2) As mentioned, `refRange` has compatibility issues with other parts of Phobos.
June 01, 2018
On Friday, 1 June 2018 at 18:40:45 UTC, ag0aep6g wrote:
> On 06/01/2018 07:00 PM, Xiaoxi wrote:
>
> This prints "3 4 5 6 7 8 9":
>
> ----
> import std.range;
> import std.algorithm;
> import std.stdio;
>
> void main()
> {
>    auto s = "1 2 3 4 5 6 7 8 9";
>    auto iter = refRange(&s).splitter!(c => c == ' ').drop(2);
>    writeln(s); /* "3 4 5 6 7 8 9" */
> }
> ----
>
> Arguably, `.splitter(' ')` should work as well, but it doesn't.
>
> Warning: Large parts of Phobos, including `splitter`, have problems handling a `RefRange`. So this might break down when you take it beyond the toy stage.
> https://issues.dlang.org/show_bug.cgi?id=18657
>
>> split is just an example, it's a generic question if you chain multiple lazy functions and then consume a part of the data...
>
> Nitpick: `split` is not lazy. `splitter` is.
>
>> how do you know how to slice the original buffer to point to the unconsumed data?
>
> In my opinion, `refRange` should fit the bill here.

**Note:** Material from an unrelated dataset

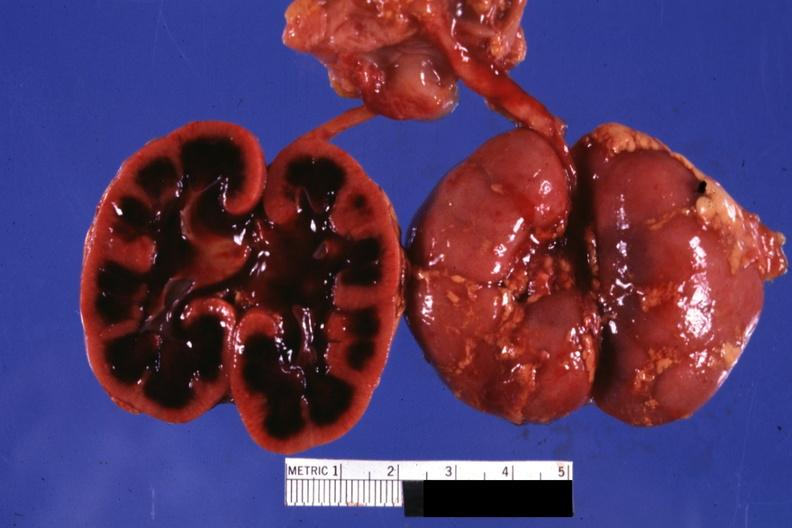s kidney present?
Answer the question using a single word or phrase. Yes 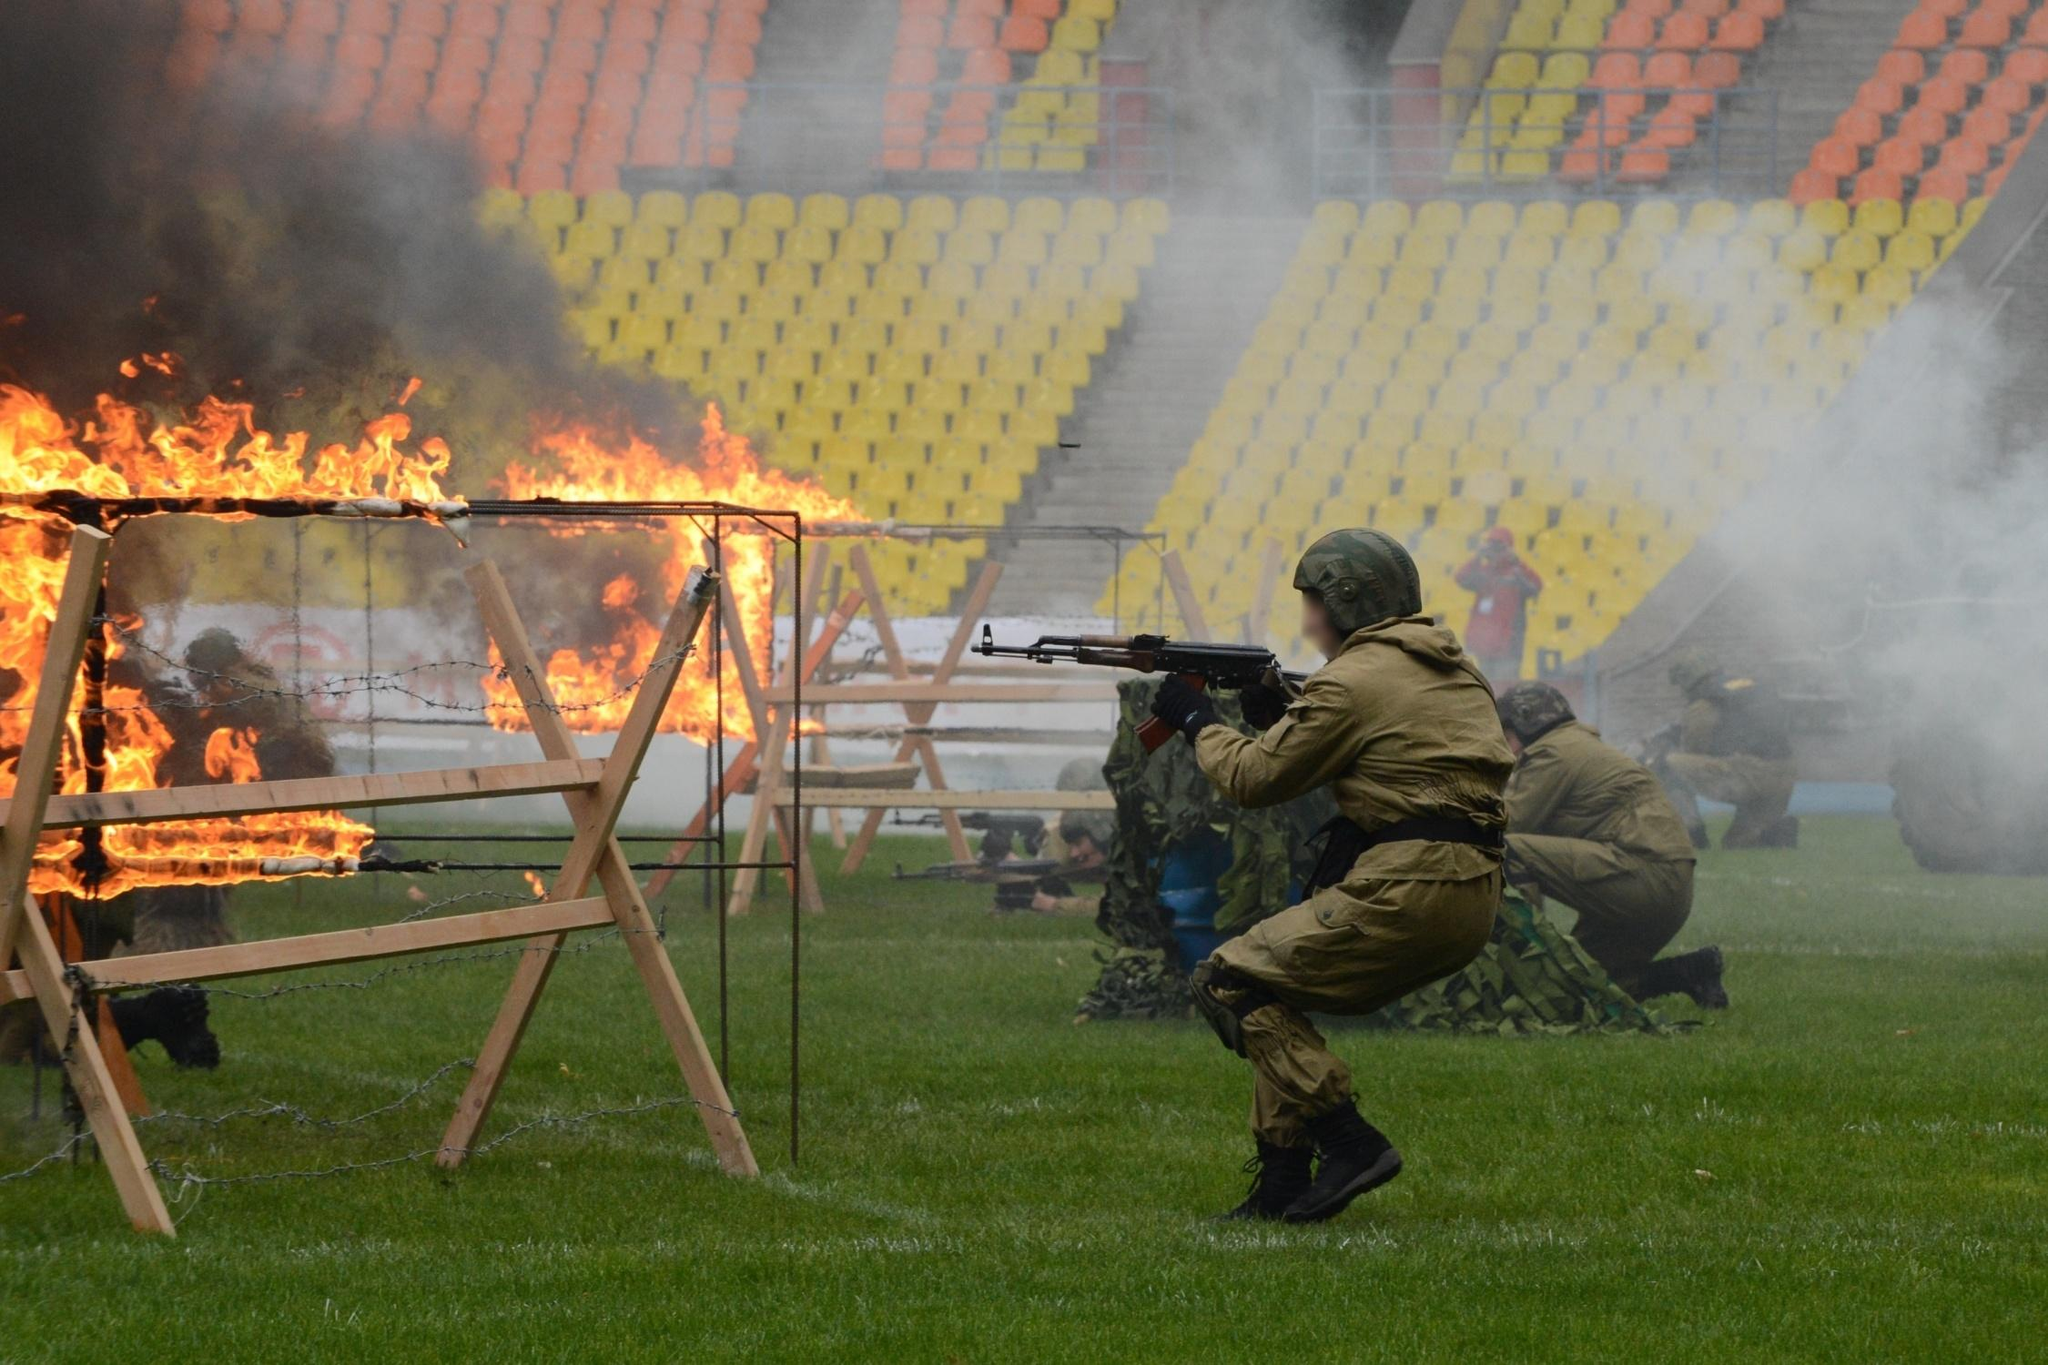How does the setting of a football stadium affect the perception of this military exercise? Using a football stadium as the setting for a military exercise juxtaposes typical recreational use with serious, tactical training, which may heighten the impact and public awareness about the military’s readiness and the nature of their operations. It underscores a dual use of public spaces and might suggest a metaphor about defense strategies playing out in everyday venues. Is there significance to the use of fire in this training scenario? Yes, incorporating fire into the training exercise adds a level of realism and urgency, testing soldiers’ ability to maintain focus, make strategic decisions, and operate effectively under extreme conditions. It simulates potential battlefield elements they might face, enhancing their preparedness for real combat situations where such chaotic and hazardous conditions are present.

But:
>
> 1) It's not always clear from the documentation how much a lazy function actually pops. It might pop more than you expect, or less.
> 2) As mentioned, `refRange` has compatibility issues with other parts of Phobos.

Many thanks ye all for your helpful comments! Seems like std.range is a small minefield for beginners. std.algorithm is much easier and intuitive to use(my current code uses findSplit). However when std.range works, it really shines.

refRange is exactly what I needed, thanks! It is really worrisome that a function could pop too much or too little though, especially if it would change between D versions. Guess I need to add a good unit-test to handle that.